US Dollar Index: Daily Chart

US Dollar FAQs

The US Dollar (USD) is the official currency of the United States of America, and the ‘de facto’ currency of a significant number of other countries where it is found in circulation alongside local notes. It is the most heavily traded currency in the world, accounting for over 88% of all global foreign exchange turnover, or an average of $6.6 trillion in transactions per day, according to data from 2022. Following the second world war, the USD took over from the British Pound as the world’s reserve currency. For most of its history, the US Dollar was backed by Gold, until the Bretton Woods Agreement in 1971 when the Gold Standard went away.

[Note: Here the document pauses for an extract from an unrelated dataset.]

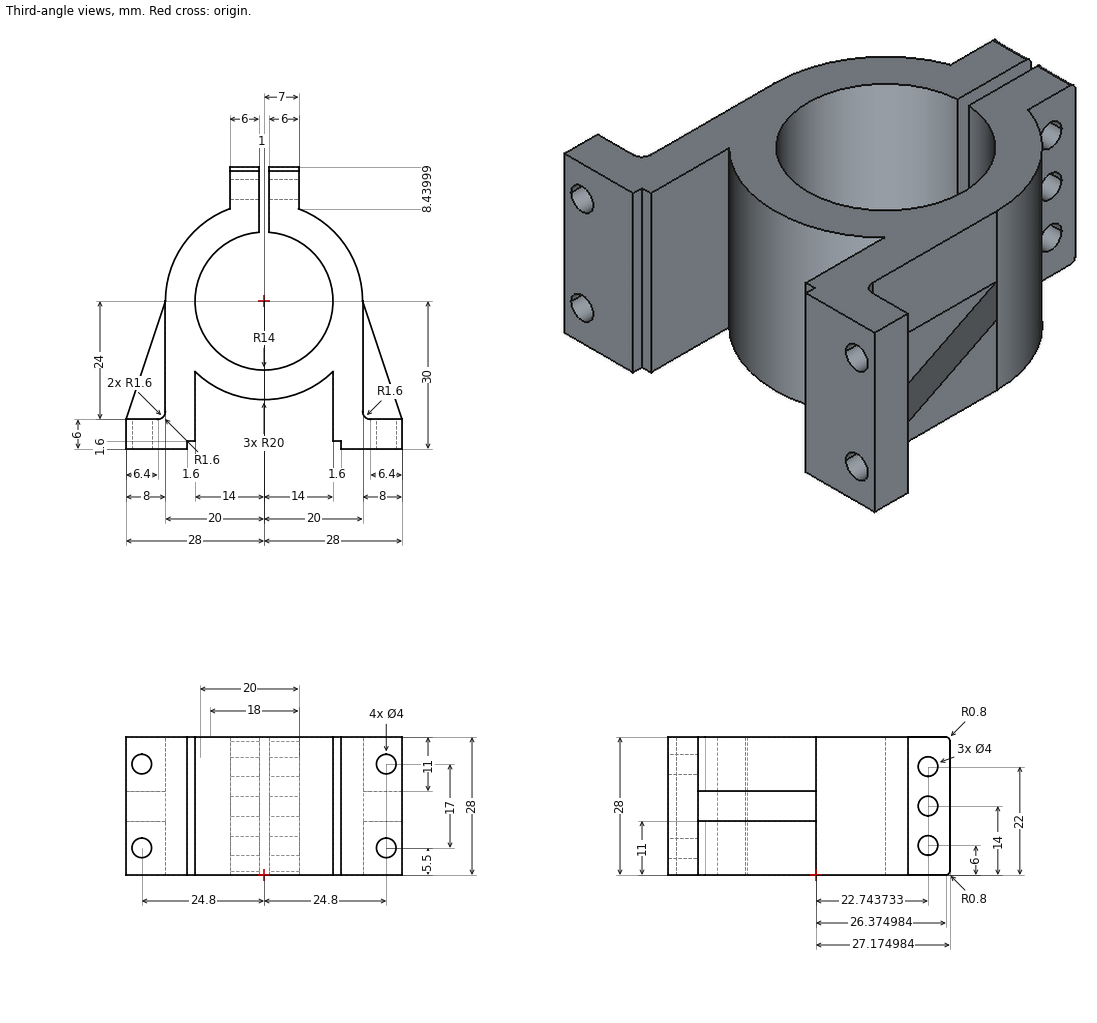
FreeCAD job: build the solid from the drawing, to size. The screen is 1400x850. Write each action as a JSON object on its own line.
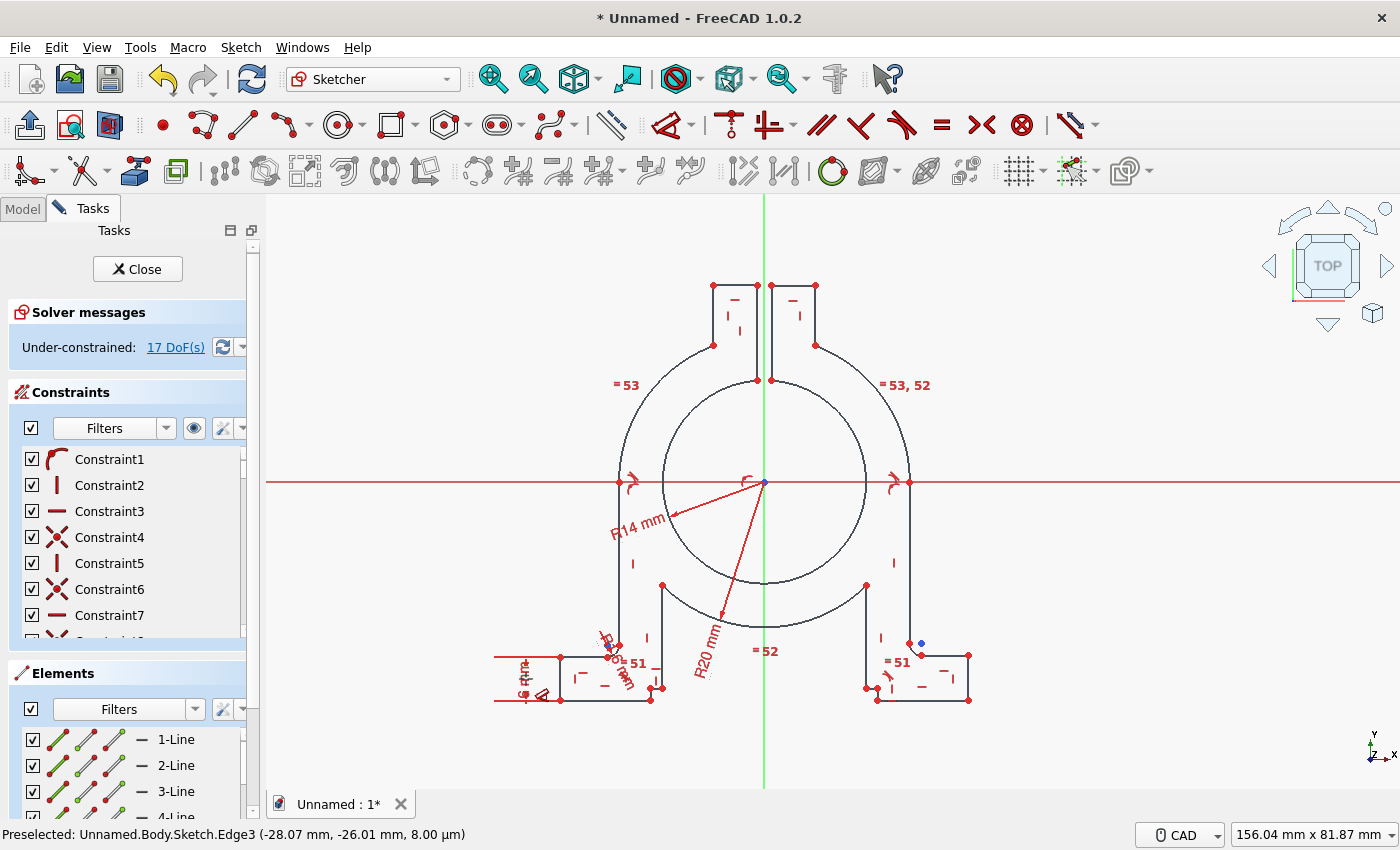
{"action": "left_click", "coordinate": [968, 687]}
{"action": "left_click", "coordinate": [1002, 678]}

The most important single factor impacting on the value of the US Dollar is monetary policy, which is shaped by the Federal Reserve (Fed). The Fed has two mandates: to achieve price stability (control inflation) and foster full employment. Its primary tool to achieve these two goals is by adjusting interest rates. When prices are rising too quickly and inflation is above the Fed’s 2% target, the Fed will raise rates, which helps the USD value. When inflation falls below 2% or the Unemployment Rate is too high, the Fed may lower interest rates, which weighs on the Greenback.

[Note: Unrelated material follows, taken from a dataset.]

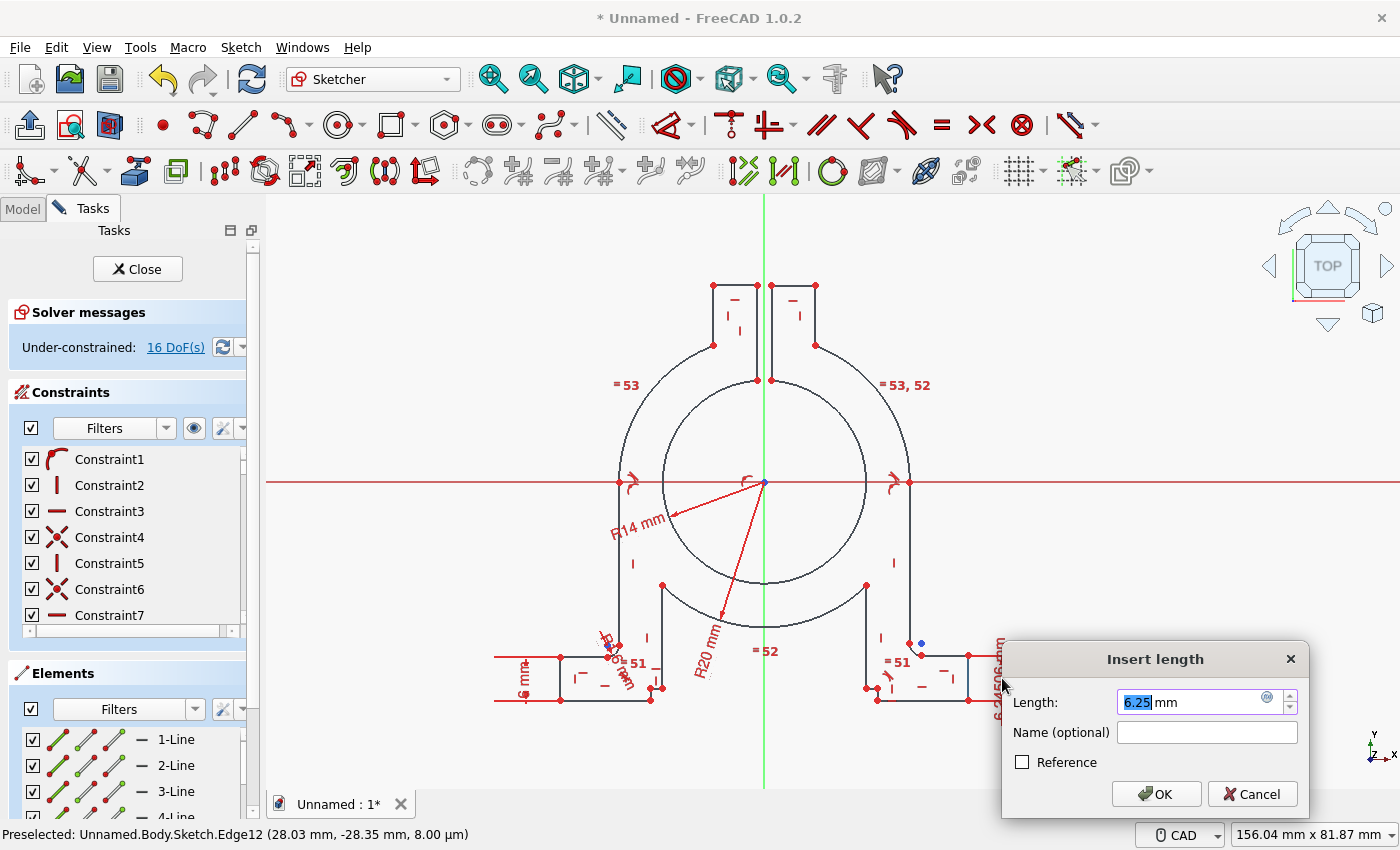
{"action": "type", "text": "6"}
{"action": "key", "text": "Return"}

In extreme situations, the Federal Reserve can also print more Dollars and enact quantitative easing (QE). QE is the process by which the Fed substantially increases the flow of credit in a stuck financial system. It is a non-standard policy measure used when credit has dried up because banks will not lend to each other (out of the fear of counterparty default). It is a last resort when simply lowering interest rates is unlikely to achieve the necessary result. It was the Fed’s weapon of choice to combat the credit crunch that occurred during the Great Financial Crisis in 2008. It involves the Fed printing more Dollars and using them to buy US government bonds predominantly from financial institutions. QE usually leads to a weaker US Dollar.

Quantitative tightening (QT) is the reverse process whereby the Federal Reserve stops buying bonds from financial institutions and does not reinvest the principal from the bonds it holds maturing in new purchases. It is usually positive for the US Dollar.